Cultural Insight

 |  April 1, 2009

Portuguese catholic missionaries first came to Siam in the 16th century. They were followed by a flood of French Jesuits and members of the Paris Foreign Missions Society who were welcomed by King Narai at the end of the 17th century. During the next hundred or so years they were harried and persecuted – none are known to have ventured to Chiang Mai. It was not until the time of King Mongut (1851 – 1868) that the missions began to revive under the learned guidance of Bishop Pallegoix, and work began at the end of the century in Chiang Mai.
American Baptists and Presbyterians, following in the footsteps of McGilvary, who founded the Lao Mission in 1868, spreading the word throughout the northern Lao kingdom as the ancient state of Lanna came to be called. Two of the first seven converts were executed on the orders of Jao Kawilarot. After the Jao’s death and the edict of religious toleration proclaimed in the name of King Chulalongkorn in 1878, the medical and educational work of missionaries such as Vrooman, Cary, Cort, McKean, the infamous Dr. Cheek, McDaniel and Harris accelerated, resulting in the founding of schools such as Prince Royal’s and Dara, clinics and hospitals such as McCormick and McKean and, later, the founding of Payap University.

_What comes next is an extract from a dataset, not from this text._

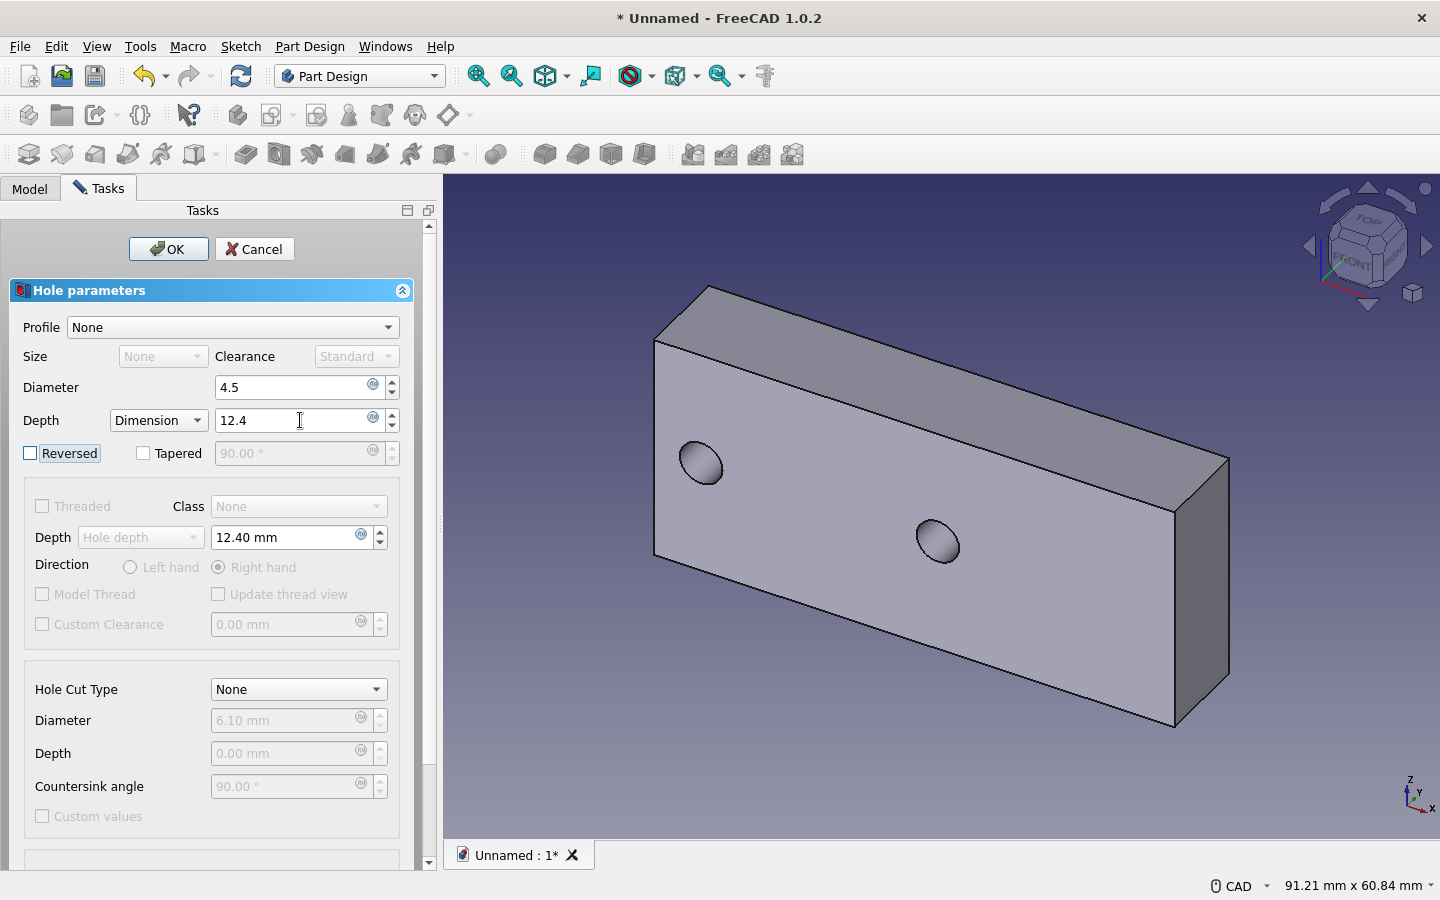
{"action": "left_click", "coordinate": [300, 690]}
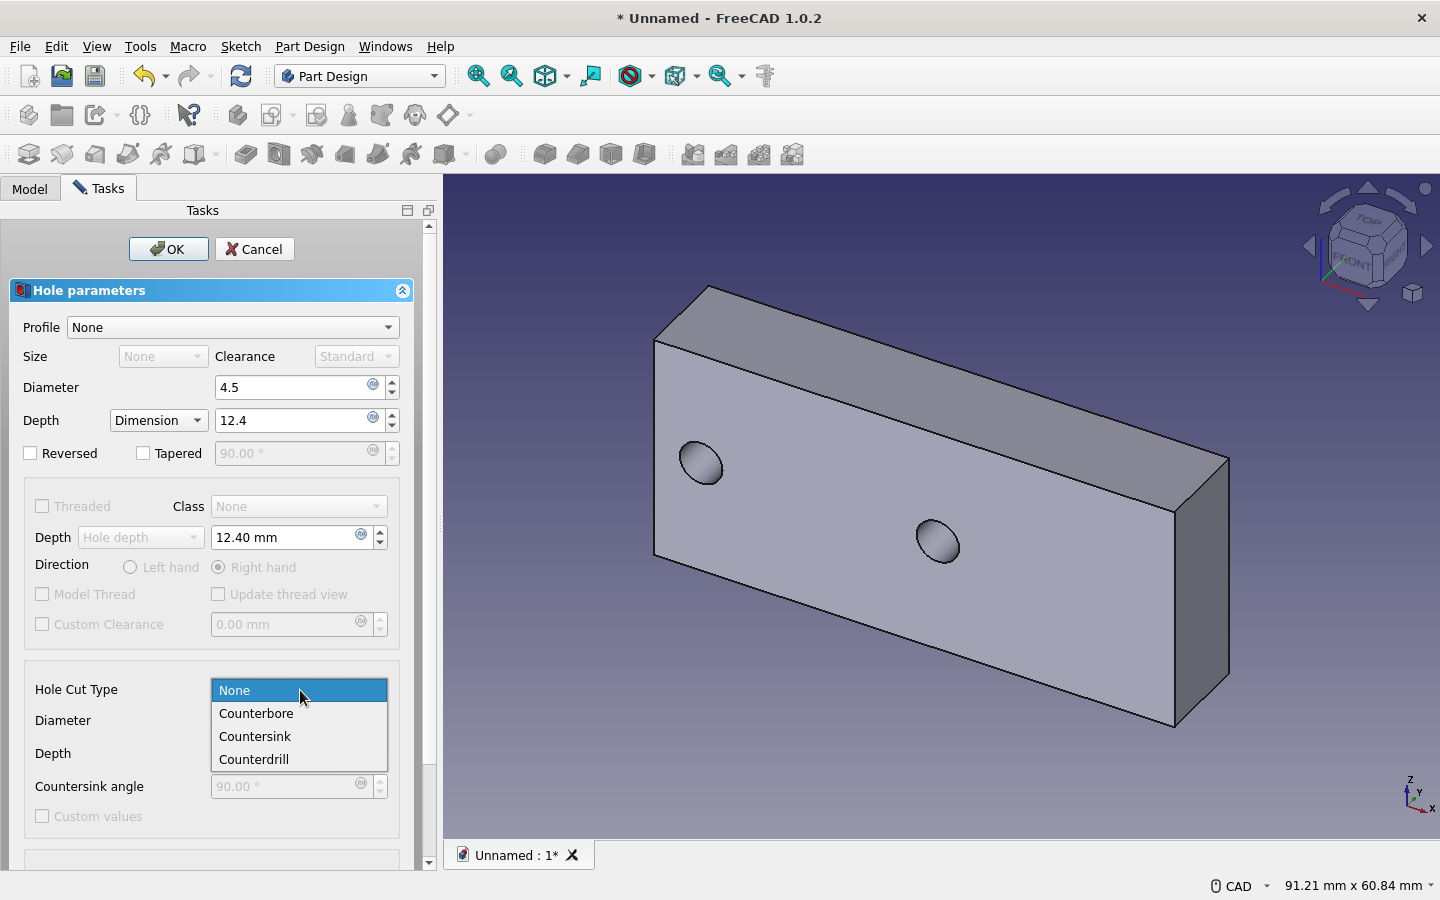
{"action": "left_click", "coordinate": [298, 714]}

Today Chiang Mai has become a true Christian religious hub. Missionaries, many of them specialising in conversion of the animist hilltribe people, come from the world over – from Finland, Korea, Switzerland, China, Australia. There are said to be 92 Protestant and 53 Catholic churches in the province. Are they all licensed? Do they all have work permits? Do they all pay tax?
Without doubt the missionaries have done an enormous amount of good in the fields of medicine – malaria control, smallpox inoculation, hygiene, dentistry, eye problems and leprosy. In the fields of education the first schools, for boys and girls, taught in kham muang, (they operated a press) but switched to central Thai when this became Bangkok policy. Many who passed through their hands became better Thai citizens. But the vast majority of Thais have remained stubbornly Buddhist.